VCF

VCF stands for Variant Call Format, and it is used by the 1000 Genomes project to encode structural genetic variants. See Viewing Variants for example IGV visualizations of mutation and VCF files.

  • Variant calls include SNPs, indels, and genomic rearrangements.
  • Samples may also be annotated with attribute information, including pedigree and family information. IGV uses these annotatations to group, sort, and filter samples, e.g. to group samples by population group.

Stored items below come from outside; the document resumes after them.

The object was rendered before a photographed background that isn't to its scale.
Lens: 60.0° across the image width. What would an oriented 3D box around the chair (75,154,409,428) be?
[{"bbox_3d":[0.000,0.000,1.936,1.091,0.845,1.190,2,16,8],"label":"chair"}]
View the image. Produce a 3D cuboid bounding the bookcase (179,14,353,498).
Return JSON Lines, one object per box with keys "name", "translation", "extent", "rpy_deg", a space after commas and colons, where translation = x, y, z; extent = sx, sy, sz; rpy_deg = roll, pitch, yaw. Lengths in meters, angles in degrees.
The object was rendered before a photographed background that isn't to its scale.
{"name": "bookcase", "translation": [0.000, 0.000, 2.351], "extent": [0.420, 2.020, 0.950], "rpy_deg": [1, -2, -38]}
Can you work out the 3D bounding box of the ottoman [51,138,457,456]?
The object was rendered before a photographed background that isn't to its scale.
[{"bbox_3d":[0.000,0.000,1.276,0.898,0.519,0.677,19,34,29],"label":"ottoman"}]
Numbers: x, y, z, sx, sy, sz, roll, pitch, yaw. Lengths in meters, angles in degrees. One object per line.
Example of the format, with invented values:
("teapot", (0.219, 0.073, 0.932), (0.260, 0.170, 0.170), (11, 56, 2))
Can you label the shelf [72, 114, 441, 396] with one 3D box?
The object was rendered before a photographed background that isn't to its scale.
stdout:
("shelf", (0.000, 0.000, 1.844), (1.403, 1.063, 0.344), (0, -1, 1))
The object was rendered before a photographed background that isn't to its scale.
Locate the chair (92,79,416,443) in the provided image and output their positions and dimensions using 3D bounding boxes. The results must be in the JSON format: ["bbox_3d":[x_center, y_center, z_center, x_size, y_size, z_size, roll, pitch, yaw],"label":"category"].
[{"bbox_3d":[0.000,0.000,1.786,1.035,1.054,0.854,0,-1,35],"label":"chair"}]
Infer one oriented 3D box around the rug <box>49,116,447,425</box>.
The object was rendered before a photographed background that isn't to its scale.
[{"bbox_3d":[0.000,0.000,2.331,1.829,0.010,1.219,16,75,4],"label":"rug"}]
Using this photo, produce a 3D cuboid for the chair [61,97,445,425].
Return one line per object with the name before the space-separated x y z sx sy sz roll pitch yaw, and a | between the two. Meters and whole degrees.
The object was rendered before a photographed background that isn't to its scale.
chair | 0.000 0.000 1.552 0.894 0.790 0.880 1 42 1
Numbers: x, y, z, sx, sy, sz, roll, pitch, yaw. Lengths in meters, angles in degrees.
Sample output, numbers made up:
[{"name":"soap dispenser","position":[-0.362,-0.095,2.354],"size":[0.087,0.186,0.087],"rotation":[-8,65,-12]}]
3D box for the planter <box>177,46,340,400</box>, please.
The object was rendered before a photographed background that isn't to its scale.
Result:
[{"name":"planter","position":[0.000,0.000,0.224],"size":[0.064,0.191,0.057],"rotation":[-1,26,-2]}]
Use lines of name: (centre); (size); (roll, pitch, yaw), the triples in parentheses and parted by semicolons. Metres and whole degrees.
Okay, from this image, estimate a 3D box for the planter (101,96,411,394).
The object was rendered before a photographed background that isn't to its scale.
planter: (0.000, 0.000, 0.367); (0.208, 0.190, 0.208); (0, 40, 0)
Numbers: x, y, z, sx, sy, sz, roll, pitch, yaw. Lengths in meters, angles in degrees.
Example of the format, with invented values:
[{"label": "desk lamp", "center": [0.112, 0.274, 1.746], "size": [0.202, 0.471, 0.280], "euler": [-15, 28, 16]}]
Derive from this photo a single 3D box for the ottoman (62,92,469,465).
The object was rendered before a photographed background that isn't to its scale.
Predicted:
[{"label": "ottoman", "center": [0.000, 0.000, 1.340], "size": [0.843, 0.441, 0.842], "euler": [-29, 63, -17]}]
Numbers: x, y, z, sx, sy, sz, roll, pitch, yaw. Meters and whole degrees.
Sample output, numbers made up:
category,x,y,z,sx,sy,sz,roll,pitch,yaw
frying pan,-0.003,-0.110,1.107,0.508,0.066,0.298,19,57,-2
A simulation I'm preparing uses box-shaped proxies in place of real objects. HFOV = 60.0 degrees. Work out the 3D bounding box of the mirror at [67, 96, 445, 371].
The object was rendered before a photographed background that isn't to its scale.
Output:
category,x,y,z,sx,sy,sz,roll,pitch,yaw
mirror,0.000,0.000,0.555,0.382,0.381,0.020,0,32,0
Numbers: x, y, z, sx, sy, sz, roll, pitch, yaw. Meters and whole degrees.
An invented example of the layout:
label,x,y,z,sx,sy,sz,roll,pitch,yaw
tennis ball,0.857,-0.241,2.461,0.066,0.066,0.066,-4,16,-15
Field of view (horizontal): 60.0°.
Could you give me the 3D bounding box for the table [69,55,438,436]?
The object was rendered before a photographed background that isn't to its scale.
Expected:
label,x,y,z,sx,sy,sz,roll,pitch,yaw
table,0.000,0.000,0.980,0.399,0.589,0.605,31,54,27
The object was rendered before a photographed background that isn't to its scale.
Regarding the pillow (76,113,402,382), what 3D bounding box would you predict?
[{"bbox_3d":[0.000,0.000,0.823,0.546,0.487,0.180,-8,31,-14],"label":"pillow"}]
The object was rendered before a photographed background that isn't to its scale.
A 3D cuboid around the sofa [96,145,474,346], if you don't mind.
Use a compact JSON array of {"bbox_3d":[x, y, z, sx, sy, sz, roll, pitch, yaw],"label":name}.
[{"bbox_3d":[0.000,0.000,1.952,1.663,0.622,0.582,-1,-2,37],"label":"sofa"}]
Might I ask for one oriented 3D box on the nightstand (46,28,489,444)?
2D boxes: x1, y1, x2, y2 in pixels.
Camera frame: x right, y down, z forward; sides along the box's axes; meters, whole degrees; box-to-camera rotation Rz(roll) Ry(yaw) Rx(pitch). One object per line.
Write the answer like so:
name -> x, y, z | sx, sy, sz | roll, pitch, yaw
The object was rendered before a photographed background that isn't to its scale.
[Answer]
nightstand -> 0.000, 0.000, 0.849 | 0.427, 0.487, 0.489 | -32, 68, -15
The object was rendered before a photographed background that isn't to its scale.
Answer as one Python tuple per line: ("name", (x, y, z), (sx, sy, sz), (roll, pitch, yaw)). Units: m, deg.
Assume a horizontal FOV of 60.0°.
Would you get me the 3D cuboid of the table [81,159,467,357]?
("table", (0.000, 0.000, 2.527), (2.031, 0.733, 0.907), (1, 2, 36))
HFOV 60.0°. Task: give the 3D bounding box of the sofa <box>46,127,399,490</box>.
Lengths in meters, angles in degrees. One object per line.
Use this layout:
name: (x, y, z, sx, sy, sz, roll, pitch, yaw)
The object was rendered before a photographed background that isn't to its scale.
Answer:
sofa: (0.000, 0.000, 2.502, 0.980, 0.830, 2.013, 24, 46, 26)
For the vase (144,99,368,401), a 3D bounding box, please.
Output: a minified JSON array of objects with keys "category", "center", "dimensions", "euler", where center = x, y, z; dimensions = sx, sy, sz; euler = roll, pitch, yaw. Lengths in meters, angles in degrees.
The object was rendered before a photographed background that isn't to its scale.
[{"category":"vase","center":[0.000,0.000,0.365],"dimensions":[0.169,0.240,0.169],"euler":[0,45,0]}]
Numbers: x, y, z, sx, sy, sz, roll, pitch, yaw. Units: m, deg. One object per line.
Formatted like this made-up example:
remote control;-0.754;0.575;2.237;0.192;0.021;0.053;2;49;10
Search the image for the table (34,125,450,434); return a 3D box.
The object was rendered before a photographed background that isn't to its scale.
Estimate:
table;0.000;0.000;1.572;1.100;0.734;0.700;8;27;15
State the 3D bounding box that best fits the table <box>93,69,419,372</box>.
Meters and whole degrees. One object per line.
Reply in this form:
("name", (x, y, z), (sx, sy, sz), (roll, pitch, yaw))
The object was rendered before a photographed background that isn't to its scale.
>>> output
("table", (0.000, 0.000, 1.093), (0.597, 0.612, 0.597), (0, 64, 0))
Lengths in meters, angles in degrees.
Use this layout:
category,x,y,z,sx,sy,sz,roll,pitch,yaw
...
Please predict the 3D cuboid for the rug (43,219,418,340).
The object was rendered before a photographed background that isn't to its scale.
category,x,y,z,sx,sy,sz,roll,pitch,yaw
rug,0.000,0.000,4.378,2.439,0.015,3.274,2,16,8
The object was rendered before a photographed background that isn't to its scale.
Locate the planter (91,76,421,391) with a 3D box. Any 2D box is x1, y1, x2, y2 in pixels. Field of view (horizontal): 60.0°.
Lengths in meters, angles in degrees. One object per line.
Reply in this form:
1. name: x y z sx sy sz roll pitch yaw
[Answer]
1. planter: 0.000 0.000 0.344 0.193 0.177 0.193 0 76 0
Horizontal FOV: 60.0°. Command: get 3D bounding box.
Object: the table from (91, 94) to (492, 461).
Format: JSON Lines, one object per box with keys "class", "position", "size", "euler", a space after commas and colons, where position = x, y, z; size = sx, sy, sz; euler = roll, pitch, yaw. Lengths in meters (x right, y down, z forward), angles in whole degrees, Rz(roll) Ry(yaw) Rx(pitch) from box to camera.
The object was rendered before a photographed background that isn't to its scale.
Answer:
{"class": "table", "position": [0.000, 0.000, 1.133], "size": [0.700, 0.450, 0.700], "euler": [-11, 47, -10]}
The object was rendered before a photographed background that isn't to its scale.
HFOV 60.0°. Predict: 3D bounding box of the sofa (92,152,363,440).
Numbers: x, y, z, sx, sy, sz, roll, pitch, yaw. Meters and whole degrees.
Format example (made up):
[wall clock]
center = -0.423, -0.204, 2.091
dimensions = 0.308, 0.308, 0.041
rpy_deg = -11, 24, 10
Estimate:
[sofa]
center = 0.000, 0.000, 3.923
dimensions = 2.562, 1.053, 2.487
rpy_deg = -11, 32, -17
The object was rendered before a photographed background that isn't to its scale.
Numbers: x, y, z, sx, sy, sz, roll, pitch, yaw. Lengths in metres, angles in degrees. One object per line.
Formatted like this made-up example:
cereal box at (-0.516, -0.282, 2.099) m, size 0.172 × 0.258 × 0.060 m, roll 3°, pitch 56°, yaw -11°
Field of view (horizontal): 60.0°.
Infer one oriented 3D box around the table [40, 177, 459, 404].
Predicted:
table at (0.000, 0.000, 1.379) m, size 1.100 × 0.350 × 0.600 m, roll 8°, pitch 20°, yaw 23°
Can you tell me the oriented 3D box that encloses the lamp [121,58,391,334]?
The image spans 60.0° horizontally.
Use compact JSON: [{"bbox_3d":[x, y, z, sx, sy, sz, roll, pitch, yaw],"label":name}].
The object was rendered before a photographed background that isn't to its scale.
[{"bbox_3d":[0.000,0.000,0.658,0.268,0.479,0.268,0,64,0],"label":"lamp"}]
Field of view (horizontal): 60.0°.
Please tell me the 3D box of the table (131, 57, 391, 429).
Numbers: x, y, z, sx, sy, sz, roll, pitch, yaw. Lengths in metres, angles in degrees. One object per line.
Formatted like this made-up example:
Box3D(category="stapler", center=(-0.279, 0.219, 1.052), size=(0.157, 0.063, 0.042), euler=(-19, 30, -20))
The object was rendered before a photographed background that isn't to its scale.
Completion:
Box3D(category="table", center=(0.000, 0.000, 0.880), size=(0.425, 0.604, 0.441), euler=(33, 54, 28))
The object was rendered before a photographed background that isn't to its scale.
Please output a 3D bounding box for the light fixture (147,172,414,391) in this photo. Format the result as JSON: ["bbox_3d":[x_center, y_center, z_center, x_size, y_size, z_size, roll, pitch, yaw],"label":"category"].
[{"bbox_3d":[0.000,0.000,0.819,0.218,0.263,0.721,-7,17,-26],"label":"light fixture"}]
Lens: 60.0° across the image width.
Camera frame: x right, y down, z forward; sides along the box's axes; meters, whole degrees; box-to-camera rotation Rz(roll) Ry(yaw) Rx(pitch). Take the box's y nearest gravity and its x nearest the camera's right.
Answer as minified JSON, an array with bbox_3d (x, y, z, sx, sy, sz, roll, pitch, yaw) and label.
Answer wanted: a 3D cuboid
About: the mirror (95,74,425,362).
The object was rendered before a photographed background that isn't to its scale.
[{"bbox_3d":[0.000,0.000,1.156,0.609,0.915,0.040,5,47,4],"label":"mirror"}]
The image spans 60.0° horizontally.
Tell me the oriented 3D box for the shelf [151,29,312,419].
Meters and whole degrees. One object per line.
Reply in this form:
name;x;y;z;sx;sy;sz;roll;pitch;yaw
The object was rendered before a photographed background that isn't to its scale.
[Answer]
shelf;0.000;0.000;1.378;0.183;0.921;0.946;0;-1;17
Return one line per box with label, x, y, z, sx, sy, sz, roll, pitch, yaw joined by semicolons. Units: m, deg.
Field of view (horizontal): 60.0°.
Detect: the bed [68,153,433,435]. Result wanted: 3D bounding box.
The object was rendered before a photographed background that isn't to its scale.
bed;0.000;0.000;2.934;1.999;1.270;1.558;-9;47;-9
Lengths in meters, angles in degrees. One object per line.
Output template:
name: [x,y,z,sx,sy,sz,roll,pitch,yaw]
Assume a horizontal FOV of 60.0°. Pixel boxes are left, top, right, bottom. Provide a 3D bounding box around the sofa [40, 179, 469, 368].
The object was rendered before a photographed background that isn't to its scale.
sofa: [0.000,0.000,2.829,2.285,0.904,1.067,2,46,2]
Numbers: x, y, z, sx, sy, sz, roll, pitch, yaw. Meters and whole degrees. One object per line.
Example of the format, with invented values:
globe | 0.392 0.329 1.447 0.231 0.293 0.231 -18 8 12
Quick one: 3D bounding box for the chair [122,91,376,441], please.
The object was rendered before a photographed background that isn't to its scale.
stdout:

A consistent color sheme is used in the variant display row, which is the top row, for files with or without geneotypes.

  • blue - minor allele frequency/fraction is known from annotation or genotype data
  • grey - minor allele frequency is not known
  • red - height is proportional to minor allele frequency

Required Extensions: .vcf, .vcf.gz

If the file is gzipped (ends with .vcf.gz), it must have an accompanying Tabix index (see below).

VCF Requirements

IGV supports VCF Version 4.

VCF data files must be indexed for viewing in IGV, either by using igvtools or by using Tabix. 

  • igvtools can be run from the command line or IGV itself (Tools>Run igvtools...)  After launching, choose the Index command and browse to your .vcf file. The index file (.idx) will be created in the same directory as the .vcf file.
    • igvtools also sorts .vcf files.
  • Tabix creates a .tbi file.  Tabix, including documentation, is available from the SamTools Web site.  

VCF Specification

Example V.4.0 File:

##fileformat=VCFv4.0
##fileDate=20090805
##source=myImputationProgramV3.1
##reference=1000GenomesPilot-NCBI36
##phasing=partial
##INFO=<ID=NS,Number=1,Type=Integer,Description="Number of Samples With Data">
##INFO=<ID=DP,Number=1,Type=Integer,Description="Total Depth">
##INFO=<ID=AF,Number=.,Type=Float,Description="Allele Frequency">
##INFO=<ID=AA,Number=1,Type=String,Description="Ancestral Allele">
##INFO=<ID=DB,Number=0,Type=Flag,Description="dbSNP membership, build 129">
##INFO=<ID=H2,Number=0,Type=Flag,Description="HapMap2 membership">
##FILTER=<ID=q10,Description="Quality below 10">
##FILTER=<ID=s50,Description="Less than 50% of samples have data">
##FORMAT=<ID=GT,Number=1,Type=String,Description="Genotype">
##FORMAT=<ID=GQ,Number=1,Type=Integer,Description="Genotype Quality">
##FORMAT=<ID=DP,Number=1,Type=Integer,Description="Read Depth">
##FORMAT=<ID=HQ,Number=2,Type=Integer,Description="Haplotype Quality">
#CHROM POS ID REF ALT QUAL FILTER INFO FORMAT NA00001 NA00002 NA00003
20 14370 rs6054257 G A 29 PASS NS=3;DP=14;AF=0.5;DB;H2 GT:GQ:DP:HQ 0|0:48:1:51,51 1|0:48:8:51,51 1/1:43:5:.,.
20 17330 . T A 3 q10 NS=3;DP=11;AF=0.017 GT:GQ:DP:HQ 0|0:49:3:58,50 0|1:3:5:65,3 0/0:41:3
20 1110696 rs6040355 A G,T 67 PASS NS=2;DP=10;AF=0.333,0.667;AA=T;DB GT:GQ:DP:HQ 1|2:21:6:23,27 2|1:2:0:18,2 2/2:35:4
20 1230237 . T . 47 PASS NS=3;DP=13;AA=T GT:GQ:DP:HQ 0|0:54:7:56,60 0|0:48:4:51,51 0/0:61:2
20 1234567 microsat1 GTCT G,GTACT 50 PASS NS=3;DP=9;AA=G GT:GQ:DP 0/1:35:4 0/2:17:2 1/1:40:3

This example shows in order:

  • A good, simple SNP
  • A possible SNP that has been filtered out because its quality is below 10
  • A site at which two alternate alleles are called, with one of them (T) being ancestral (possibly a reference sequencing error)
  • A site that is called monomorphic reference (i.e., with no alternate alleles),
  • A microsatellite with two alternative alleles, one a deletion of 3 bases (TCT), and the other an insertion of one base (A).

Genotype data are given for three samples, two of which are phased and the third unphased, with per sample genotype quality, depth, and haplotype qualities (the latter only for the phased samples) given as well as the genotypes. The microsatellite calls are unphased.